EXERCISE DIRECTIONS:
Provide again, from the entries below, every line from the one containing "What is the title" through the one containing "Answer: Current Generation", exactly as written, and no other line.

WORKING DATA:

★ ★ ★ ★ ★ ★ ★

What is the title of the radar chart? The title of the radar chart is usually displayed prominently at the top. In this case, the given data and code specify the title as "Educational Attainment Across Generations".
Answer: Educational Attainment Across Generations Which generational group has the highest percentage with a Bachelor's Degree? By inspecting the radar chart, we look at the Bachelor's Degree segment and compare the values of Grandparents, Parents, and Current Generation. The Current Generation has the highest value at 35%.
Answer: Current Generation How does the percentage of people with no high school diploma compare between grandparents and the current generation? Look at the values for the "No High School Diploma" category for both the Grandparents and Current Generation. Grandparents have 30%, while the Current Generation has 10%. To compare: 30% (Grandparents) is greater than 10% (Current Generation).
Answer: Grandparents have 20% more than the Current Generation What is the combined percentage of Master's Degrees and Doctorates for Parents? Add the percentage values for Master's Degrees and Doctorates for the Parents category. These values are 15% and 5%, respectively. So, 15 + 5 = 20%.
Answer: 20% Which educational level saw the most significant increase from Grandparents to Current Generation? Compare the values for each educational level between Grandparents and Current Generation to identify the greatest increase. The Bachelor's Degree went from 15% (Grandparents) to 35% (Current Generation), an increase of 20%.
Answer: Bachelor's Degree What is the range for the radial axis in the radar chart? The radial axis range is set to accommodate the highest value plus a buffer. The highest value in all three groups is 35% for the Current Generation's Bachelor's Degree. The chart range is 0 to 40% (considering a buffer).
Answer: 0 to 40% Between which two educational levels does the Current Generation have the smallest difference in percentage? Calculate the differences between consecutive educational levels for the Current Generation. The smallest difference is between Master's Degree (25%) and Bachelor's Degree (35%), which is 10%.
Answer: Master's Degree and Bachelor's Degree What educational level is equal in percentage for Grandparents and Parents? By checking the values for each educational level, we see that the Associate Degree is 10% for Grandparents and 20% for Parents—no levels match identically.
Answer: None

★ ★ ★ ★ ★ ★ ★

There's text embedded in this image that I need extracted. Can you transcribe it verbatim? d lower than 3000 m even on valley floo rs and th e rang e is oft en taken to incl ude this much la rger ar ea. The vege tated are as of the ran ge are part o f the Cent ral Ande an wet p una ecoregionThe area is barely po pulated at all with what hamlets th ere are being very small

★ ★ ★ ★ ★ ★ ★

EXERCISE SOLUTION:
What is the title of the radar chart? The title of the radar chart is usually displayed prominently at the top. In this case, the given data and code specify the title as "Educational Attainment Across Generations".
Answer: Educational Attainment Across Generations Which generational group has the highest percentage with a Bachelor's Degree? By inspecting the radar chart, we look at the Bachelor's Degree segment and compare the values of Grandparents, Parents, and Current Generation. The Current Generation has the highest value at 35%.
Answer: Current Generation How does the percentage of people with no high school diploma compare between grandparents and the current generation? Look at the values for the "No High School Diploma" category for both the Grandparents and Current Generation. Grandparents have 30%, while the Current Generation has 10%. To compare: 30% (Grandparents) is greater than 10% (Current Generation).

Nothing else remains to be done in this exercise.